Lack of financing can also cause delay in achieving milestones. It goes without saying that in addition to hard work, determination and luck, it takes investment for a new biopharmaceutical business to move forward. Complicating matters is the fact that investment capital has become increasingly scarce over the past several years, especially for very early stage biopharmaceutical development companies. Many companies look to investment by venture capital (VC) or angel investors to move a pre-clinical stage technology into the clinic. A report released by PricewaterhouseCoopers (Jan 22, 2010)3 noted that total VC investment in 2009 ($17.7B) was down 30 percent from 2008, falling to 1997 levels. VC investment in biotechnology fell by 19 percent in terms of both dollars ($3.5B) and deals (406) over the same period. In the absence of capital, it is impossible for a company to make progress with any technology. Sourcing or preparing clinical-grade chemicals or biopharmaceuticals that are made according to current good manufacturing practice (cGMP) costs money. Moving from the pre-clinical phase into the clinic, or progressing from one clinical phase to the next all require money. As a consequence of the economic environment deteriorating over the last few years, many OTT licensees have been unable to secure capital, ultimately leading to non-fulfillment of their benchmark obligations. Therefore, relevant economic forecasts should be considered when structuring benchmarks to help mitigate the risk of benchmark non-compliance.

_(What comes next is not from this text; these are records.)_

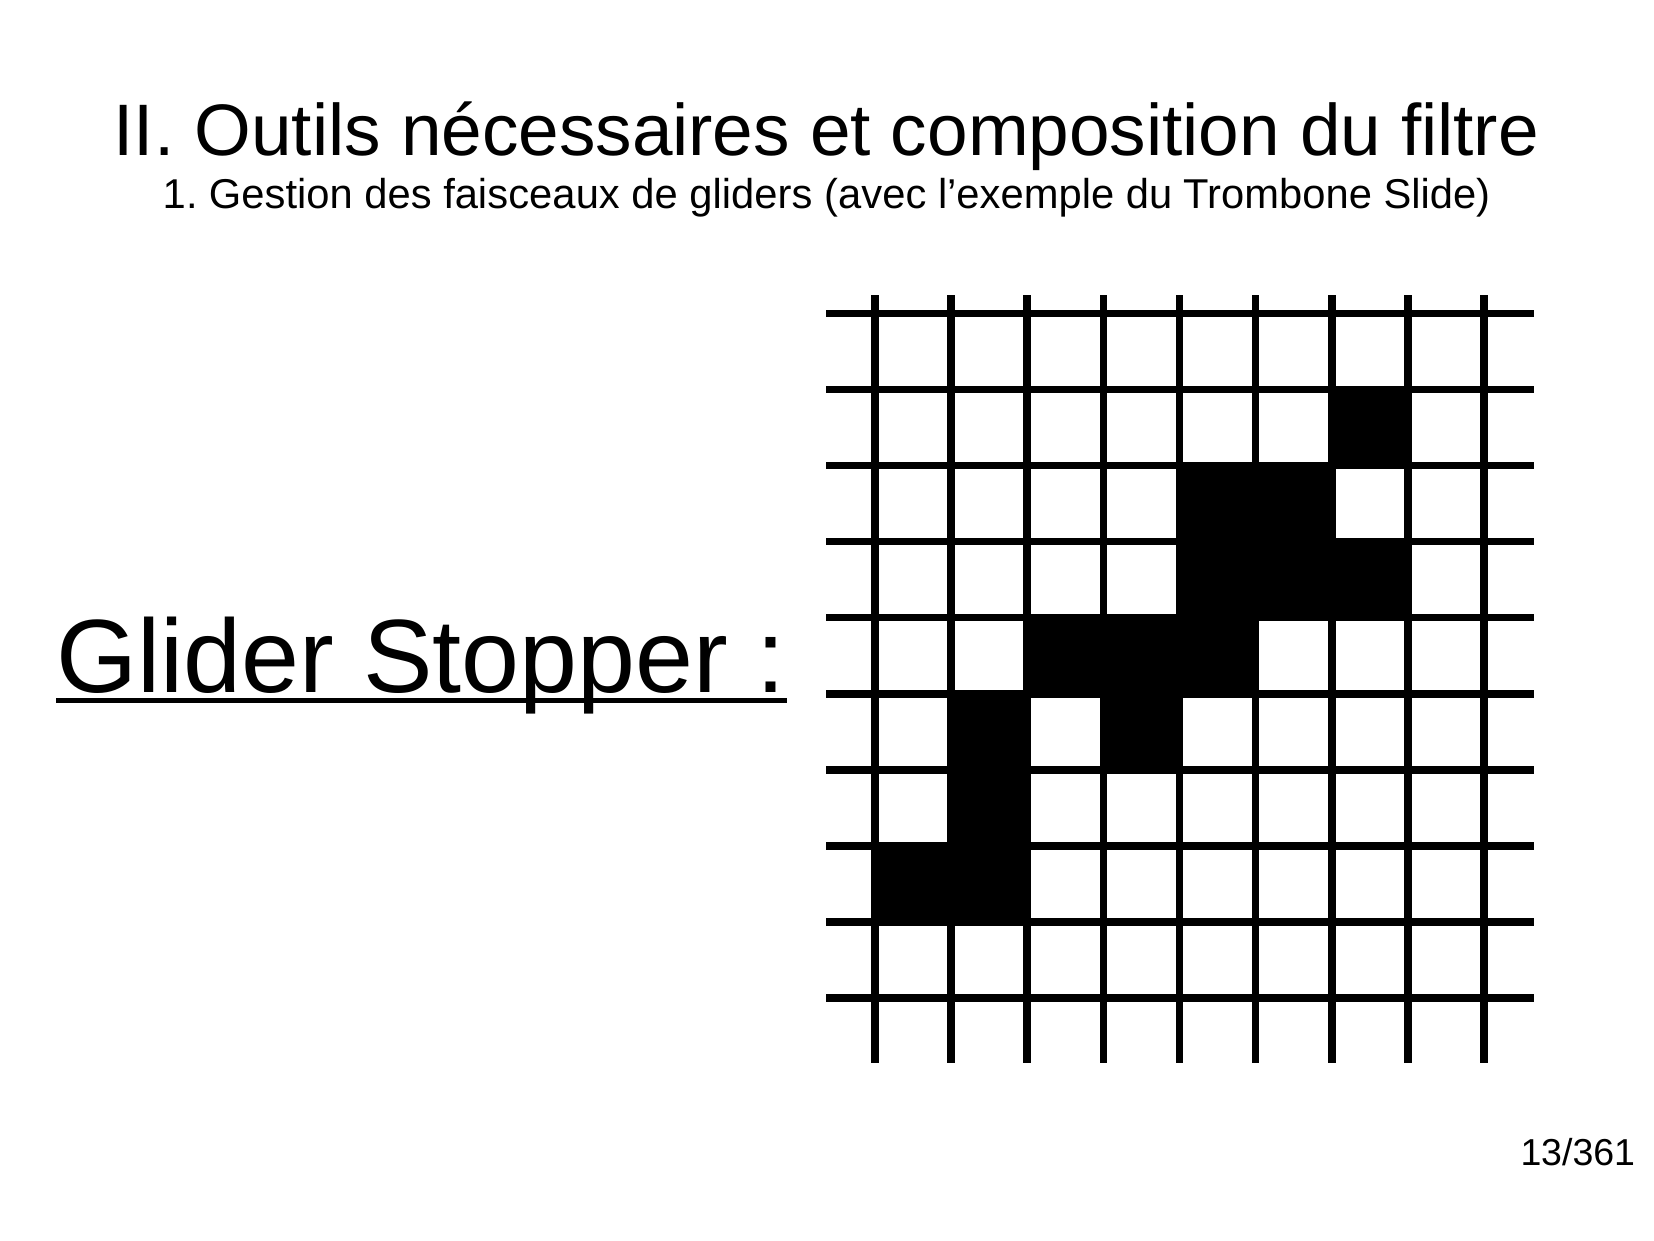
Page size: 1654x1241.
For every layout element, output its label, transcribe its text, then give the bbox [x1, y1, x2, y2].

text_box <number>/361 [1505, 1124, 1654, 1182]
picture [826, 295, 1534, 1063]
title II. Outils nécessaires et composition du filtre 1. Gestion des faisceaux de gliders (avec l’exemple du Trombone Slide) [0, 30, 1654, 276]
text_box Glider Stopper : [41, 590, 802, 722]

Another difficult factor to predict is the regulatory requirements a company will need to satisfy in the course of getting approval to market. For small molecules, there exists a clear path forward. For biopharmaceuticals, this is less the case. Though the FDA publishes general guides for biologics, to get a specific biopharmaceutical approved for even a Phase 1 clinical trial, extra testing may be necessary depending on the actions of the biopharmaceutical and the particular systems that may be affected. These tests, of course, take the essential resources of time, money and people, and a company working to develop a biopharmaceutical can never be completely sure what specific studies the FDA will require prior to filing their IND application.

Licensing officers themselves can also unwittingly contribute to creating an unrealistic benchmark schedule. One reason this happens is an incomplete understanding of the licensed technology and the issues involved in developing it into a product. At government laboratories and universities, any licensing officer may have a portfolio containing many different technologies. Each technology is itself complicated, likely evolving from several years of devoted study and much experimental research. It is unrealistic to expect a licensing officer to understand and foresee each challenge which needs to be overcome in the commercial development of their portfolio of technologies. However, this limited familiarity with the technology may lead a licensing officer to unintentionally neglect important factors and misjudge the time required to properly develop the technology.

Lastly, a licensor may negotiate for a benchmark schedule that has an unrealistic development schedule. A licensor typically wants to make sure that the technology being licensed is developed in a timely manner. After all, for NIH it is the taxpayer’s investments that underwrote the invention, and therapeutic products on the market are the returns on those investments. A licensing officer would then tend to want to establish a schedule that results in a product as fast as possible. At the same time, a savvy company may try to pad the benchmark schedule excessively, in order to buy time to pursue the technology in a more limited manner, and a licensing officer needs to protect against this. With these competing interests, reaching consensus on a realistic and appropriate schedule could be challenging.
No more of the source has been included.